Look below for the line containing "P1: stops at x = 200". Reproduce it and every line after it exactly, and nothing more.
··· RECORDS TO PROCESS ···
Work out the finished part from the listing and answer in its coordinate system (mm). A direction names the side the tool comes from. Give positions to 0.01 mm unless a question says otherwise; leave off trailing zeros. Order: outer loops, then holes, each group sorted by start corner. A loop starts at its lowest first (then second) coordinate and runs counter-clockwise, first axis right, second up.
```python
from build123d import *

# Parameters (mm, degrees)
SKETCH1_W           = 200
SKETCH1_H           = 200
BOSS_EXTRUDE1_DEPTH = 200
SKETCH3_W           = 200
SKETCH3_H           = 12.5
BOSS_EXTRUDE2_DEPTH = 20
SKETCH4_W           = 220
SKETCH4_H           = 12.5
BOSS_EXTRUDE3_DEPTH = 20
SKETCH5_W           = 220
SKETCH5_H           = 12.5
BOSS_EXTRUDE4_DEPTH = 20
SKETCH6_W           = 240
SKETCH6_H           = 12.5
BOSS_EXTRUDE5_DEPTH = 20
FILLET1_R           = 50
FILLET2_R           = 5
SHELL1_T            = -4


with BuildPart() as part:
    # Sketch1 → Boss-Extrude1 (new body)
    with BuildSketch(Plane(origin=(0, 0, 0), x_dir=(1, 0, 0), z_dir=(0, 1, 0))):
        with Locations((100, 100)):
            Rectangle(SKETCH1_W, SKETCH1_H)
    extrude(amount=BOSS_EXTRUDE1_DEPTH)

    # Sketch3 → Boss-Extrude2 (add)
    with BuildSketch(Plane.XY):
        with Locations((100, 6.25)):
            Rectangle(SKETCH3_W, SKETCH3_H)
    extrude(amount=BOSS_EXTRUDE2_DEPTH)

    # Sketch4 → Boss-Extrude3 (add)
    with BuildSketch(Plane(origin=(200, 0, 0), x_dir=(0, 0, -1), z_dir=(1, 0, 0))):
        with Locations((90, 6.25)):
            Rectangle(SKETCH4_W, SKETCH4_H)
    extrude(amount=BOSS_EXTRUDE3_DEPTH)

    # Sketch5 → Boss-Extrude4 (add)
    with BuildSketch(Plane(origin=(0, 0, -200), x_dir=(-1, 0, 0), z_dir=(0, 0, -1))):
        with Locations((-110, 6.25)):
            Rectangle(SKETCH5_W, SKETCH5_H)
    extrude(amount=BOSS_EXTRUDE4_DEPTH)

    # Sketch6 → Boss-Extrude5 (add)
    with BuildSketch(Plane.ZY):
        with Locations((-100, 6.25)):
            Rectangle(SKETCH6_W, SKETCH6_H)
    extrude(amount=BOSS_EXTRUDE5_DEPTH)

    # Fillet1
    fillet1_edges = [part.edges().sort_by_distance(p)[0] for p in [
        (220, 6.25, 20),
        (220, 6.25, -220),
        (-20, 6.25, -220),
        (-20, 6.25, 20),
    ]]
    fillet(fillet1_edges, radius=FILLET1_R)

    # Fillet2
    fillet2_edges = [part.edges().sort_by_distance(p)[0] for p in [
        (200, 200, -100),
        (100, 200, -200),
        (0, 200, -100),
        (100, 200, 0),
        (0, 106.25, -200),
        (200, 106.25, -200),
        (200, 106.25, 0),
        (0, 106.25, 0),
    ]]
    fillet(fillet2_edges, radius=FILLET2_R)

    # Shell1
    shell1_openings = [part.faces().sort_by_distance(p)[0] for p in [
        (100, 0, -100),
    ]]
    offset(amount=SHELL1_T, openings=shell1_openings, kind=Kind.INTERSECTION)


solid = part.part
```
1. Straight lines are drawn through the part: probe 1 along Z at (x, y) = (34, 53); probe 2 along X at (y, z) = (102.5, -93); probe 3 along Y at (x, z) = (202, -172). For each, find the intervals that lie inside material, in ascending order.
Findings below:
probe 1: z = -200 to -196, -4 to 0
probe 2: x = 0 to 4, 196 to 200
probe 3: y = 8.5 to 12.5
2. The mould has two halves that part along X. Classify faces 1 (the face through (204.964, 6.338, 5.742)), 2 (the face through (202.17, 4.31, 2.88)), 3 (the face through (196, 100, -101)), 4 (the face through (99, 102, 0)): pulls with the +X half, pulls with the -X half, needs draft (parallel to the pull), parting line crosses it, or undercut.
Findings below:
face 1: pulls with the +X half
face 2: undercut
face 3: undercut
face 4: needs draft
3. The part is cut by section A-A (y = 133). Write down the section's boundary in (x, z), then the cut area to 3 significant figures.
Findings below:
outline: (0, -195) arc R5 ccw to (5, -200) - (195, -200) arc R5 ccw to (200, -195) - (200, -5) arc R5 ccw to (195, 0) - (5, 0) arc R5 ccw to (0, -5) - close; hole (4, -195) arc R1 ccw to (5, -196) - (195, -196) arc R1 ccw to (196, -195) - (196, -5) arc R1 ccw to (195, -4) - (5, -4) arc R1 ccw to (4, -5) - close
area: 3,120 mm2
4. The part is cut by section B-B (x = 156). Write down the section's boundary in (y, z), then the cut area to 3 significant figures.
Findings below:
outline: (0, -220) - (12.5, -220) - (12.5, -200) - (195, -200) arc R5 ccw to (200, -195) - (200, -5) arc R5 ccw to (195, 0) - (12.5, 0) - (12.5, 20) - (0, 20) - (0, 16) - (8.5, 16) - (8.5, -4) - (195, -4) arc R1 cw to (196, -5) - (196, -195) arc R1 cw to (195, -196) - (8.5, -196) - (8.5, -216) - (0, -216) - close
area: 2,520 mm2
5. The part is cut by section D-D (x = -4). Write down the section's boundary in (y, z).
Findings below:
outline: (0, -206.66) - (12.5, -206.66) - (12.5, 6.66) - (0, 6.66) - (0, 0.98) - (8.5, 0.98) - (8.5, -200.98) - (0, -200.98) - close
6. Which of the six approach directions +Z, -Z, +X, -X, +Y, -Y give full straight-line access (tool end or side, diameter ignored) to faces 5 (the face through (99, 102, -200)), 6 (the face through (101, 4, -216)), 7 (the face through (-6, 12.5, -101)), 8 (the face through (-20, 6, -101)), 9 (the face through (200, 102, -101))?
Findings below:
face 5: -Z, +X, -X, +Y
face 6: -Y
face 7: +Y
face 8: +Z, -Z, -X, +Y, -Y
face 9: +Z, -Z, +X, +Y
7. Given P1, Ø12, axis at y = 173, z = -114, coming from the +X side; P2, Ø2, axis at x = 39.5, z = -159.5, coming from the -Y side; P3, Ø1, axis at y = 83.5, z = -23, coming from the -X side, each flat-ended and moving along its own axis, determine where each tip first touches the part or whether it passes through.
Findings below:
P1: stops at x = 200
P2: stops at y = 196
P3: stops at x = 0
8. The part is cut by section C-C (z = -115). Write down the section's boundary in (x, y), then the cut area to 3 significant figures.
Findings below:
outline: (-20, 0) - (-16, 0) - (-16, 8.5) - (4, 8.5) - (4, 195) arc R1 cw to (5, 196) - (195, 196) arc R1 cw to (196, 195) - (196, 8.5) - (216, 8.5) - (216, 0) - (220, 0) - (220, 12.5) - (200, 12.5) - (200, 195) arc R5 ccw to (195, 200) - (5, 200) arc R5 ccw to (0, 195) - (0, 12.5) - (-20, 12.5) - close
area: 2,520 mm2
···
§ ANSWER FOR THIS EXERCISE
P1: stops at x = 200
P2: stops at y = 196
P3: stops at x = 0
8. The part is cut by section C-C (z = -115). Write down the section's boundary in (x, y), then the cut area to 3 significant figures.
Findings below:
outline: (-20, 0) - (-16, 0) - (-16, 8.5) - (4, 8.5) - (4, 195) arc R1 cw to (5, 196) - (195, 196) arc R1 cw to (196, 195) - (196, 8.5) - (216, 8.5) - (216, 0) - (220, 0) - (220, 12.5) - (200, 12.5) - (200, 195) arc R5 ccw to (195, 200) - (5, 200) arc R5 ccw to (0, 195) - (0, 12.5) - (-20, 12.5) - close
area: 2,520 mm2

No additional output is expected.